# [Exercise requirements]
Give again, word for word, each line below starting at the one that contains "Horizontal FOV: 60.0°." and ending at the one that contains "#5 rack shelf [684, 226, 806, 276]".

# [Stored data]
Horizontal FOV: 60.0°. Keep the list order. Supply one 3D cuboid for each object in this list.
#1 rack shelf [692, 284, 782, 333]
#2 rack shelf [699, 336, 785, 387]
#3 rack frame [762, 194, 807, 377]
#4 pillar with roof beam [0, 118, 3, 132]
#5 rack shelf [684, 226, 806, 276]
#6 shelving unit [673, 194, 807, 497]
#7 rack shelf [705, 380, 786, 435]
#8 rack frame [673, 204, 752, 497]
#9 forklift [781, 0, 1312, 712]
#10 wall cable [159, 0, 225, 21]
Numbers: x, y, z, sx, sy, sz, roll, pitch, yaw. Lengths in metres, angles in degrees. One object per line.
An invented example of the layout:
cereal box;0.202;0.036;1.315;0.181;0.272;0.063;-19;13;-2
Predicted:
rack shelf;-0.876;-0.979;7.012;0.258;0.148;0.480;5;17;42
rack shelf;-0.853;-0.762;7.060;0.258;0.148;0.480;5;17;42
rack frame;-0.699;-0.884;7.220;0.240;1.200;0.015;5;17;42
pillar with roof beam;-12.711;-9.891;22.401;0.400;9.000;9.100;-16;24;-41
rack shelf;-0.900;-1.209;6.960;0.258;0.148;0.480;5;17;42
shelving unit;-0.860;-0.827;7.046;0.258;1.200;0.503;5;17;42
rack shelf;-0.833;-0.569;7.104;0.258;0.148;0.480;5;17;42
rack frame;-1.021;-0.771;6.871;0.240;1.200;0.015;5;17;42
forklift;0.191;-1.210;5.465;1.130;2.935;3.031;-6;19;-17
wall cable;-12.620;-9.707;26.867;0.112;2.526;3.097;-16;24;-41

* * *

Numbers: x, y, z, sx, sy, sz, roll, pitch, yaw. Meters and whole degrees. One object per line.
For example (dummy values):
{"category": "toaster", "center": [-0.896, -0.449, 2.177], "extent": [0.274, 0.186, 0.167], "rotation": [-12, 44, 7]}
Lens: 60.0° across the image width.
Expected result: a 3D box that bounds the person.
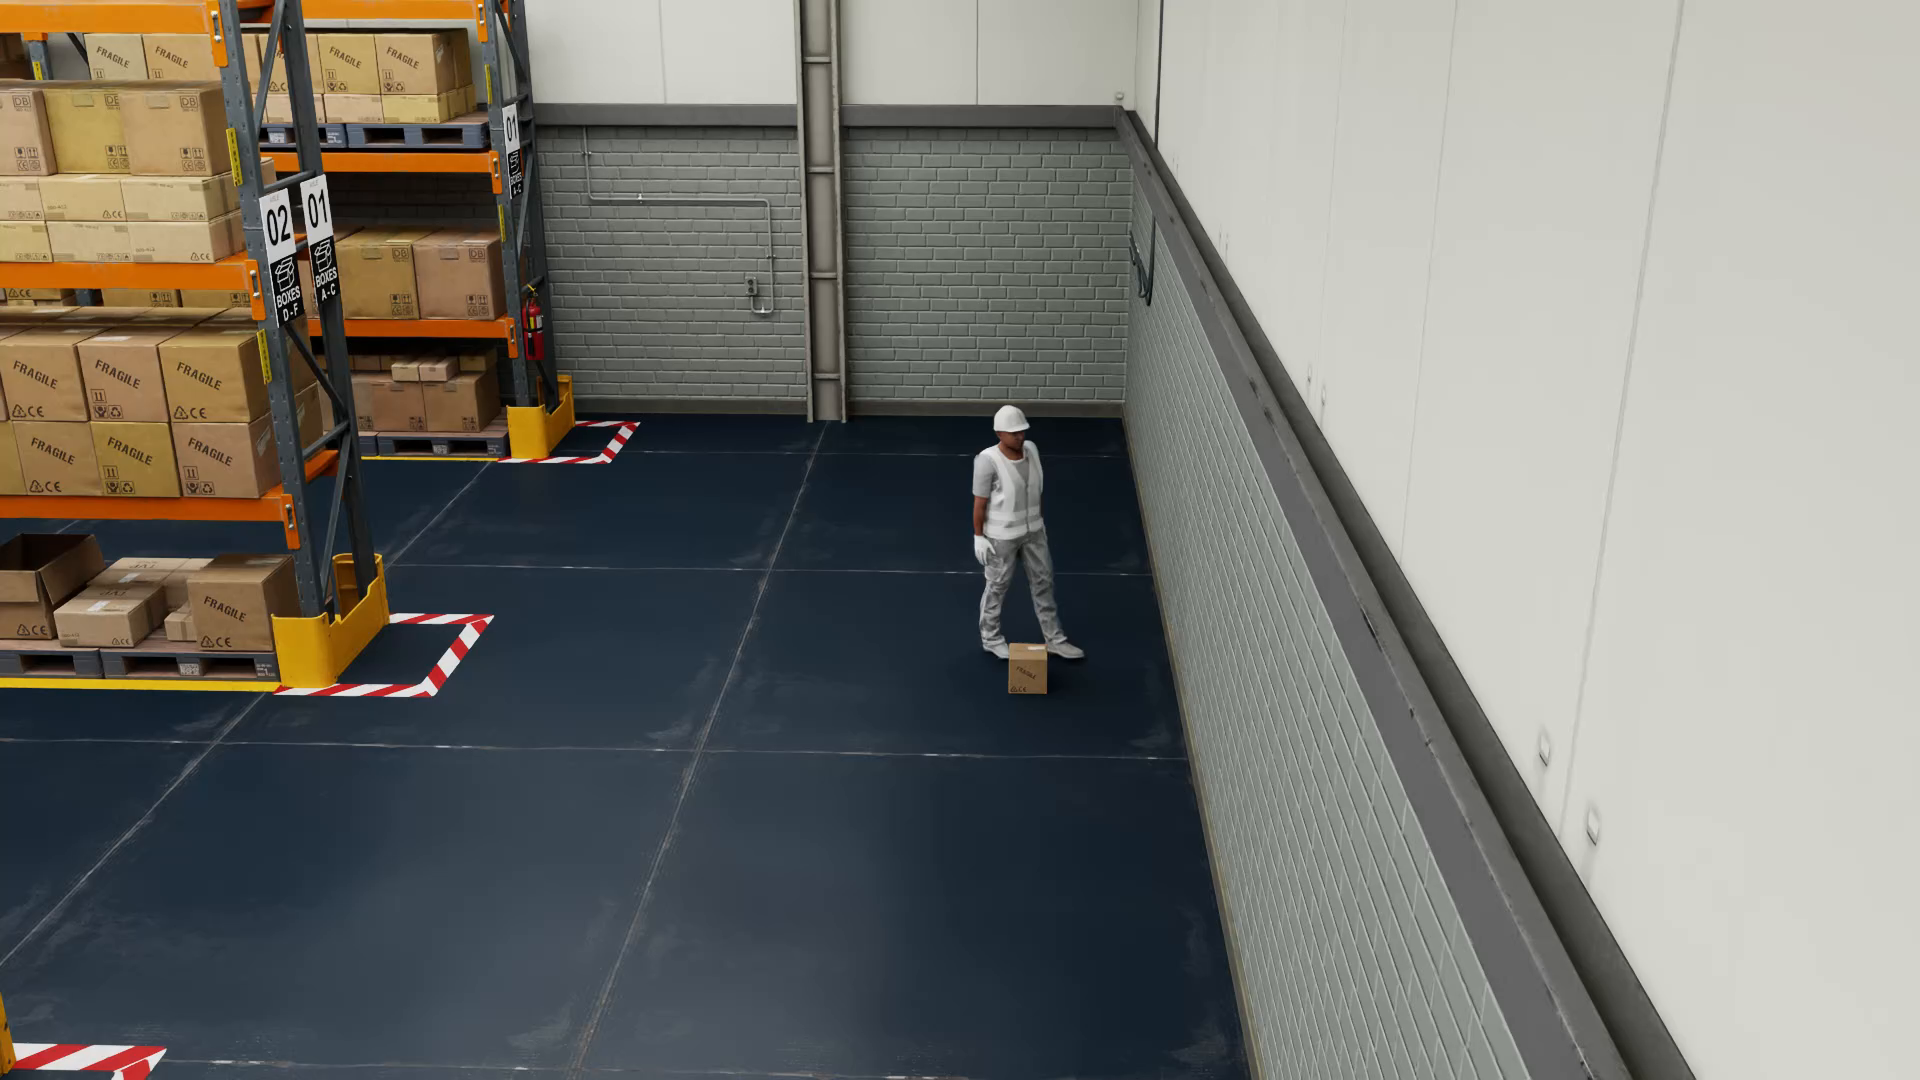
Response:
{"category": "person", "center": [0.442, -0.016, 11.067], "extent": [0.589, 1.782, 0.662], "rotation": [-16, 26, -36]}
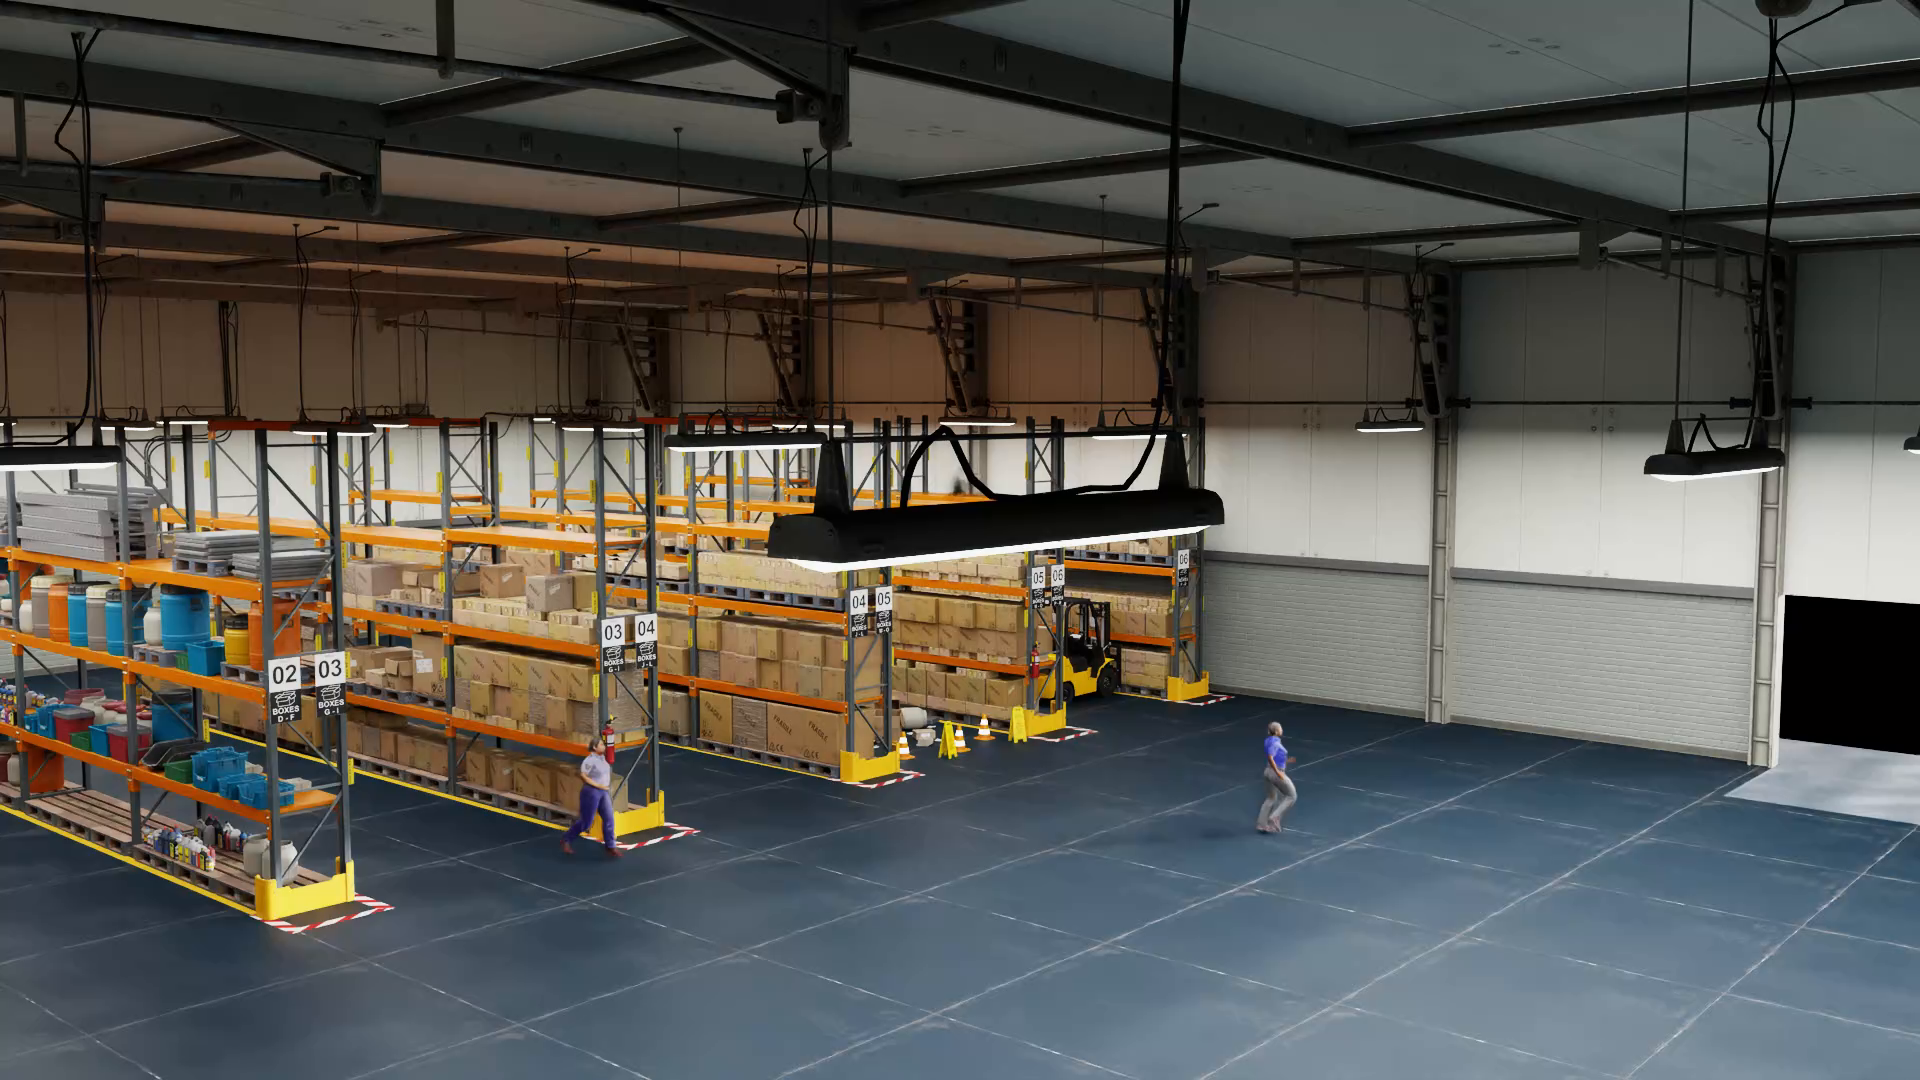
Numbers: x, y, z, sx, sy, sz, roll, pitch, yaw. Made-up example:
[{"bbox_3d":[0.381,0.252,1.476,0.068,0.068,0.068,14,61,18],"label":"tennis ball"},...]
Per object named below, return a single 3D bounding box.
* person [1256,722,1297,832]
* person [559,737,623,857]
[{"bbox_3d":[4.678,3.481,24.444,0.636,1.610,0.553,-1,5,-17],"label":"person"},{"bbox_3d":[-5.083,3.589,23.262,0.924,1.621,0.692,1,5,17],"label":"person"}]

# [Result of this task]
Horizontal FOV: 60.0°. Keep the list order. Supply one 3D cuboid for each object in this list.
#1 rack shelf [692, 284, 782, 333]
#2 rack shelf [699, 336, 785, 387]
#3 rack frame [762, 194, 807, 377]
#4 pillar with roof beam [0, 118, 3, 132]
#5 rack shelf [684, 226, 806, 276]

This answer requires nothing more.